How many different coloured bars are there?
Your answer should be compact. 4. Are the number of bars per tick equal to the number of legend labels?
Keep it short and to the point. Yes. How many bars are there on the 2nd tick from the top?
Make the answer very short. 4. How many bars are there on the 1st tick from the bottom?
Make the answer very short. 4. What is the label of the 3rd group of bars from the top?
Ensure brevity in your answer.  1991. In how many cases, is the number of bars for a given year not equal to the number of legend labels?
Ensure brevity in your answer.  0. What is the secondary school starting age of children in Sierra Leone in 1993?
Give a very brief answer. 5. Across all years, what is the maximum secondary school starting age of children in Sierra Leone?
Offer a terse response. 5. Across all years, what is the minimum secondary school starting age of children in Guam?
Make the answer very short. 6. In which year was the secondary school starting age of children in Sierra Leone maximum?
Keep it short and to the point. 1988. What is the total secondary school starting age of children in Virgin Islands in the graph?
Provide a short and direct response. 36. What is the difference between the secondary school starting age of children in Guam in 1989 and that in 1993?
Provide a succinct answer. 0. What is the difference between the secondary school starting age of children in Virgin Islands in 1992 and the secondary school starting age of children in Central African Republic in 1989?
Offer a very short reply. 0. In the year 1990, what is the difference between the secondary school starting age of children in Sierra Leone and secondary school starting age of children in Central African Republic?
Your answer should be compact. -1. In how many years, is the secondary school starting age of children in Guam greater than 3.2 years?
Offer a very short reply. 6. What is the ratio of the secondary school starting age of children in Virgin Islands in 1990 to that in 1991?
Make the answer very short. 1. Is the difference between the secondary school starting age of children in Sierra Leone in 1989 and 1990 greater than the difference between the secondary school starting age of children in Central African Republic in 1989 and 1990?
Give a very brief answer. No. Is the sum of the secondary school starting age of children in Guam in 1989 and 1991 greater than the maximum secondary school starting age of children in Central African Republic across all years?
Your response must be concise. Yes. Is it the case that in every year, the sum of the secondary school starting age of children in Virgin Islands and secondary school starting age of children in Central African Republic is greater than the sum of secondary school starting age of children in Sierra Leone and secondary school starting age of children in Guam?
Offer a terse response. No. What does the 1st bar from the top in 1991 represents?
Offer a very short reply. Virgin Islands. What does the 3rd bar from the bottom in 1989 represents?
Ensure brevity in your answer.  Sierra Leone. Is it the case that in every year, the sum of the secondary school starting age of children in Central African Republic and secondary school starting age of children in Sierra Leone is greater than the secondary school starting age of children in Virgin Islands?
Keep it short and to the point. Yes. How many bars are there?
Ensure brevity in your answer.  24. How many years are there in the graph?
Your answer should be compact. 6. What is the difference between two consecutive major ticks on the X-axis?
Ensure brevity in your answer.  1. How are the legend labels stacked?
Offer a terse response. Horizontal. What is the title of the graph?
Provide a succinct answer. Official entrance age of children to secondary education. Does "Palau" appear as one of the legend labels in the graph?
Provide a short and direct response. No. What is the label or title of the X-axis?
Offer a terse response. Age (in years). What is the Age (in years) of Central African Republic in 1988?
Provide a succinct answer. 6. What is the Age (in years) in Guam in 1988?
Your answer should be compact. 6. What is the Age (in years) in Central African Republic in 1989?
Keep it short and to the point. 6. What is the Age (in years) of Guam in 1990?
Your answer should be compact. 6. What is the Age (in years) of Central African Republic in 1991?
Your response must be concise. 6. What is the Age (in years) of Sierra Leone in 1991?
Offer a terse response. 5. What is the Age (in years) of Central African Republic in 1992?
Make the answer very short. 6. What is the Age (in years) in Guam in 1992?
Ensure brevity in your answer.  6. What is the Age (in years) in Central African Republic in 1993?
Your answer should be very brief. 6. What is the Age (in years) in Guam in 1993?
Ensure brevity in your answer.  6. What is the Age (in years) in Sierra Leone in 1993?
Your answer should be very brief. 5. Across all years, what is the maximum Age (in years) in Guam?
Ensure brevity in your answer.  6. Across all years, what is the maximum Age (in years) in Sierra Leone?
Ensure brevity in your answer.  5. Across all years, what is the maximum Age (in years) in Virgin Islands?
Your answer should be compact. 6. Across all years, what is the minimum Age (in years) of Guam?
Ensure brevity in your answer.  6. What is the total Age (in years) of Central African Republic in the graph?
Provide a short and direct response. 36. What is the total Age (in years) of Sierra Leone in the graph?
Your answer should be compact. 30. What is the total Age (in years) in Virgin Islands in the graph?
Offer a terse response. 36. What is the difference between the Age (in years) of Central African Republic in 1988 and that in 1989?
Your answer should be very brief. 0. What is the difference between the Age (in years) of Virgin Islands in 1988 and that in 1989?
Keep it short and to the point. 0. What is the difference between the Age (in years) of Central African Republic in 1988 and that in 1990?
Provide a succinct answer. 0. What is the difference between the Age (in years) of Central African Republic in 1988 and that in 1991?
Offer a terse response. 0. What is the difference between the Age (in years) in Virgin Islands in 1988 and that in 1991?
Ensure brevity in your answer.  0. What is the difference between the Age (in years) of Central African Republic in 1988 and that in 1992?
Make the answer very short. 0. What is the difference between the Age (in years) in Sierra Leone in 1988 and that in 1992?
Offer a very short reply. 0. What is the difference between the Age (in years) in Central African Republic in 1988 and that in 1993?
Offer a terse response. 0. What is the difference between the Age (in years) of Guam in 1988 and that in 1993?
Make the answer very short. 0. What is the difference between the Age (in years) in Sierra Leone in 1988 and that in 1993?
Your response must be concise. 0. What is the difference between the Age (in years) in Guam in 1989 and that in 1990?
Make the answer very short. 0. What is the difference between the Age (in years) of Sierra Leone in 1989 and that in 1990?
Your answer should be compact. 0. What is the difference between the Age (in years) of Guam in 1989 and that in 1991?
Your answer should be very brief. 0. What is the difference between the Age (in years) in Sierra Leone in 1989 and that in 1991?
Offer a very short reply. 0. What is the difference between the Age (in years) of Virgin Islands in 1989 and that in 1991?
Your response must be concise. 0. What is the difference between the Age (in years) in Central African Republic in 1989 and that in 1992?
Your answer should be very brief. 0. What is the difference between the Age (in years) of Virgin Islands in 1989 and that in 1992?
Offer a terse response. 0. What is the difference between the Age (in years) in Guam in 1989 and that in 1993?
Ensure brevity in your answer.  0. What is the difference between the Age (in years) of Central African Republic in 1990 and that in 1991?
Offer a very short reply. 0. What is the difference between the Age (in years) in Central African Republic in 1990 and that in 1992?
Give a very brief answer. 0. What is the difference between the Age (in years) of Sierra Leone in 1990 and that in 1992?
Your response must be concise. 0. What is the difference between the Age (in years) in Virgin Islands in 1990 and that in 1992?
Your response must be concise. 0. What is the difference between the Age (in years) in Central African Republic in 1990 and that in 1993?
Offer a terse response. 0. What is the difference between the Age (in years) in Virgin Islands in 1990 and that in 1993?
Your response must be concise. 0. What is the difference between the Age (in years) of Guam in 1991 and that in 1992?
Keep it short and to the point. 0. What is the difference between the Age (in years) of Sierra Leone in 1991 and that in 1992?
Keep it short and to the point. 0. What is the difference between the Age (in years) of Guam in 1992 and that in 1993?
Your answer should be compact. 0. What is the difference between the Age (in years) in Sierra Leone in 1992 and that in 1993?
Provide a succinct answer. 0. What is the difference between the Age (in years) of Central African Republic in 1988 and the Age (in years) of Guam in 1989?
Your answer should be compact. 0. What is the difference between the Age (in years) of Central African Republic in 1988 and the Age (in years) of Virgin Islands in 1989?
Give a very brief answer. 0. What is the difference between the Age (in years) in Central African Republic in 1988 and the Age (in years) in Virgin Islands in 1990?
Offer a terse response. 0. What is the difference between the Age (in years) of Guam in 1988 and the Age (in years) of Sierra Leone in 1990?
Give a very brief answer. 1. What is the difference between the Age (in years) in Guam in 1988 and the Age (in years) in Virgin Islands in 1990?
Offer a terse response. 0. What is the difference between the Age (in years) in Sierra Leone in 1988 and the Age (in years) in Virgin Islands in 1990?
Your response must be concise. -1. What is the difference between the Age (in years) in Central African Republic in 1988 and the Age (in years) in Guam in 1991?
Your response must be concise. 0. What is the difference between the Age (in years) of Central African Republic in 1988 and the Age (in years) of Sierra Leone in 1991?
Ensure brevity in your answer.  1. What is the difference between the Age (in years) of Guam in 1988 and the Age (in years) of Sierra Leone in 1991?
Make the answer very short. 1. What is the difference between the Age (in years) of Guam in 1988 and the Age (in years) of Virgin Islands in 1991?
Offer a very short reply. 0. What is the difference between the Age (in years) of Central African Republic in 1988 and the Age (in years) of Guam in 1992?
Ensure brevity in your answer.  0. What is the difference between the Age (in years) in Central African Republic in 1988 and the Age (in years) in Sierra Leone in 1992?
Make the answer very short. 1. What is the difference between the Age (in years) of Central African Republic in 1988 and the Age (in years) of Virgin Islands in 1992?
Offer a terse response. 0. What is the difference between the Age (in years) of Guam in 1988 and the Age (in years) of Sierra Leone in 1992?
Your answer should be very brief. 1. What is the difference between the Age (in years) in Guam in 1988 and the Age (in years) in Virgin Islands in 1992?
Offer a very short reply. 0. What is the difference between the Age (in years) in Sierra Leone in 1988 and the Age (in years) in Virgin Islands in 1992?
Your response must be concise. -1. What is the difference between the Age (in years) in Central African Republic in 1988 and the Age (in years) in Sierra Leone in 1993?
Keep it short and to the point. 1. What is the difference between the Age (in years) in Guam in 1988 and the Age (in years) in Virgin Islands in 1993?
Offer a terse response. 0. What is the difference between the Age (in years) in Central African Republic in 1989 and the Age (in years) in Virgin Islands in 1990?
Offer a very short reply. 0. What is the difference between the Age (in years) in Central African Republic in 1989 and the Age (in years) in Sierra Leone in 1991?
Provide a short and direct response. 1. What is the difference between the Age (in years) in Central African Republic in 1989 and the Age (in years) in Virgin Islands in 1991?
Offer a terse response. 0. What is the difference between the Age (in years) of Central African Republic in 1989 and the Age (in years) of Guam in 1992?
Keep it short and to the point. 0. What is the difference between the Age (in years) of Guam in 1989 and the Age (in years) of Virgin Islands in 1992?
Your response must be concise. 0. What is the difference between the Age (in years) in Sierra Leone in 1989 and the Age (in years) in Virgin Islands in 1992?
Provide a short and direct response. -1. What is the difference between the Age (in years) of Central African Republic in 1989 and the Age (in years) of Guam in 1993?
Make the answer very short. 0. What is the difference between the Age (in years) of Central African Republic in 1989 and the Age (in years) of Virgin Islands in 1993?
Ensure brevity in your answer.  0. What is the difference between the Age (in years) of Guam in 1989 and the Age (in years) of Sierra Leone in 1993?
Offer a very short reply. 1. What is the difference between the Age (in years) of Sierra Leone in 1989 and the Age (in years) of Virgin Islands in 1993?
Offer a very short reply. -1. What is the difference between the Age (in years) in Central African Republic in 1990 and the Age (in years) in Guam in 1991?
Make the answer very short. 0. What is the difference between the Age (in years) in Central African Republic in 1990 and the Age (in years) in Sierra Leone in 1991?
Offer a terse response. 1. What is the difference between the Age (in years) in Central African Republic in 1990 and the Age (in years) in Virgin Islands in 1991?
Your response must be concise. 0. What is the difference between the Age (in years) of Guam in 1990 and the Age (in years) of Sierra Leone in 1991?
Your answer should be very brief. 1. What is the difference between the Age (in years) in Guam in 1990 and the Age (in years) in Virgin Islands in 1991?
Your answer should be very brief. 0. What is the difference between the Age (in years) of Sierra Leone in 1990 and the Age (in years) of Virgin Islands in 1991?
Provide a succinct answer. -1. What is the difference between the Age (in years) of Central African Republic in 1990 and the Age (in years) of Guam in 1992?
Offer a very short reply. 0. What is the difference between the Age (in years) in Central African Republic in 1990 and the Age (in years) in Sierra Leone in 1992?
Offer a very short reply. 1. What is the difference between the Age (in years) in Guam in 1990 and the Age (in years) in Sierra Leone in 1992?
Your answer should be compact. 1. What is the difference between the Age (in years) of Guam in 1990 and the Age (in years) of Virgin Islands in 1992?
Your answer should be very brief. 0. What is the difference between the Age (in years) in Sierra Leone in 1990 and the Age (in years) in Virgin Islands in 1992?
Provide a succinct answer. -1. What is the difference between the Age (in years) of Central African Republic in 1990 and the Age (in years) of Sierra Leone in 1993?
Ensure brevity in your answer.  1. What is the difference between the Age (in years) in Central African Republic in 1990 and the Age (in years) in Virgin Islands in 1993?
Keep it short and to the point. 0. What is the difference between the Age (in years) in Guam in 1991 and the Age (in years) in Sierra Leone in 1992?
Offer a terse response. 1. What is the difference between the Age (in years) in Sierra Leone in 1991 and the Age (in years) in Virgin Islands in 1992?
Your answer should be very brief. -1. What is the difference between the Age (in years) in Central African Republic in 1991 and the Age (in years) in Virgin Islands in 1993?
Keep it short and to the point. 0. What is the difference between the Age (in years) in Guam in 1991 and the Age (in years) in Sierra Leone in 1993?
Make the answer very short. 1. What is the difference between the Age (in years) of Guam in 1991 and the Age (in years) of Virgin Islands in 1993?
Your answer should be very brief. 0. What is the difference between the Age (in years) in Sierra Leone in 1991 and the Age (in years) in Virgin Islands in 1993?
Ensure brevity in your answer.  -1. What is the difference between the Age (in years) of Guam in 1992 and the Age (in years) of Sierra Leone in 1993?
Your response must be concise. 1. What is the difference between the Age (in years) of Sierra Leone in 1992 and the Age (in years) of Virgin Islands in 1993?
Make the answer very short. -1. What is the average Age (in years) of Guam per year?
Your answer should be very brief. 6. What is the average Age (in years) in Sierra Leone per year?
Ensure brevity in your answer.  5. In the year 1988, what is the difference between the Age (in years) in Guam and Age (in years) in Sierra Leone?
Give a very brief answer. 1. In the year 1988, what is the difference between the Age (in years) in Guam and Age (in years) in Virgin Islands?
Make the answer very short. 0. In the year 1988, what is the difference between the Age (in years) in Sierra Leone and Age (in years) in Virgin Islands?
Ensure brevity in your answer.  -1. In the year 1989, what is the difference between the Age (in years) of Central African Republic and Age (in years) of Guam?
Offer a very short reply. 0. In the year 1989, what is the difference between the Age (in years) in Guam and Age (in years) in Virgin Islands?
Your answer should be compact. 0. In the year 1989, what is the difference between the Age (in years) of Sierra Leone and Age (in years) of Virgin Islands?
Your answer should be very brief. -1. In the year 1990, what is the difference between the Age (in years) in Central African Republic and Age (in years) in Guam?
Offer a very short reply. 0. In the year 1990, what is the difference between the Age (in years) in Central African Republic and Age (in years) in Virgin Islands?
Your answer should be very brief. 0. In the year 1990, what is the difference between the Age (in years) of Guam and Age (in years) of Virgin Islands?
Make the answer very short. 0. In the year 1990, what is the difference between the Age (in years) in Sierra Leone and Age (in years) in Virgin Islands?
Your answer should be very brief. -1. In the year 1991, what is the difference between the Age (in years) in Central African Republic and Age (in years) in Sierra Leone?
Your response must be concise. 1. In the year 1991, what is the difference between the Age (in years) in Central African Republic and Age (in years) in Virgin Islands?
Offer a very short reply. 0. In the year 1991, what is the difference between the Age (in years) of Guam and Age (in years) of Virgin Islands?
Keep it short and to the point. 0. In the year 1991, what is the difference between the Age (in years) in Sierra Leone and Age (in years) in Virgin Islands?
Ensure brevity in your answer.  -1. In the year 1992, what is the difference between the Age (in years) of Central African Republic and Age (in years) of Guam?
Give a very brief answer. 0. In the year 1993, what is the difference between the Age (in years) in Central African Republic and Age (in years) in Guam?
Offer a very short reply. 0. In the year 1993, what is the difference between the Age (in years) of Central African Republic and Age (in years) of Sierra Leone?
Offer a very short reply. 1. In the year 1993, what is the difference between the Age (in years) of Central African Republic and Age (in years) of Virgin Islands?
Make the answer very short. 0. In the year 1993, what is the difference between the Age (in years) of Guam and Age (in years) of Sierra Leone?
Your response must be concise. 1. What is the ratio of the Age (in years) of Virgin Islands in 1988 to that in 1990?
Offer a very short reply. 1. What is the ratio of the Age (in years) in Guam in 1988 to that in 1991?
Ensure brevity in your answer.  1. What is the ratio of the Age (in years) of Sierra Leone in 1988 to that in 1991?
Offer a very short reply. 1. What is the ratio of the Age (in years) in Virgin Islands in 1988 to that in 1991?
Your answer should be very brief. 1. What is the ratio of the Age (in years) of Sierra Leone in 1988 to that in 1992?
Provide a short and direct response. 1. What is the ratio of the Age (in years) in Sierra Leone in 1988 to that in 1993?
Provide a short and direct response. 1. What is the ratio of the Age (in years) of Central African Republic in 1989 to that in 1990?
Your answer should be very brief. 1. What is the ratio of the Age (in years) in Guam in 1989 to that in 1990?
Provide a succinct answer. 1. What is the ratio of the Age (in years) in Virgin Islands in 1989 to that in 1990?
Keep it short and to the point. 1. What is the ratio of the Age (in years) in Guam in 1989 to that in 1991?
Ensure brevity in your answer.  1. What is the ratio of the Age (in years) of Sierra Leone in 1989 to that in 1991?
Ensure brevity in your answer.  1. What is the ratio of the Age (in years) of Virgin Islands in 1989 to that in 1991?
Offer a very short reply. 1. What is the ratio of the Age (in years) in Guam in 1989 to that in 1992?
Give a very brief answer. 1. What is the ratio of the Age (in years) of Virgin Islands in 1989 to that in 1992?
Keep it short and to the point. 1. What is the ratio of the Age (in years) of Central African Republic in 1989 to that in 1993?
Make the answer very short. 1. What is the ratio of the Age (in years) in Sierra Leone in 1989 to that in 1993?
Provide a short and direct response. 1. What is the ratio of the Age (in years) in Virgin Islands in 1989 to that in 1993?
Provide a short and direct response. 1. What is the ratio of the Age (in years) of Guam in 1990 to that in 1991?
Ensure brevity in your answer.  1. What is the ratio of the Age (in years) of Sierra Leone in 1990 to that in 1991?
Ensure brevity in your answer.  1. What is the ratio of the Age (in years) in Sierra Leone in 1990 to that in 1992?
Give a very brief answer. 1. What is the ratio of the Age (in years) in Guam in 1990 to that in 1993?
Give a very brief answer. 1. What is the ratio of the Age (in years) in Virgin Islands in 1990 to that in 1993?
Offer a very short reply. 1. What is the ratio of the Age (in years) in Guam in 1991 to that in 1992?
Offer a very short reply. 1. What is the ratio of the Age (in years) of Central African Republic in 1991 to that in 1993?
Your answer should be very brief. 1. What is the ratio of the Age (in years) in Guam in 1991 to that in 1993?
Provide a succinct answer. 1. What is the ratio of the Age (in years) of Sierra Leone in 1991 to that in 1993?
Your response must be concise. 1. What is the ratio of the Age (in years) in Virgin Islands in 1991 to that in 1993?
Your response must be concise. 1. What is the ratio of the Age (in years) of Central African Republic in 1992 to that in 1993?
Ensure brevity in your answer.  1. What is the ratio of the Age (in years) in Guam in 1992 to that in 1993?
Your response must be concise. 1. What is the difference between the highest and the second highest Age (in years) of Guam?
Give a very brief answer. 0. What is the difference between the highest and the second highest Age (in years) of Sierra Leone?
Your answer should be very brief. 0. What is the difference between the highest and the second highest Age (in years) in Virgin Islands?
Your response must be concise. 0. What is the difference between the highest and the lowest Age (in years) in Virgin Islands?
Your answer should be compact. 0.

•••

What is required:
Wherever a line in the data above holds "average", copy that line.

Reply to the task:
Make the answer very short. -1. What is the average Age (in years) of Guam per year?
Your answer should be very brief. 6. What is the average Age (in years) in Sierra Leone per year?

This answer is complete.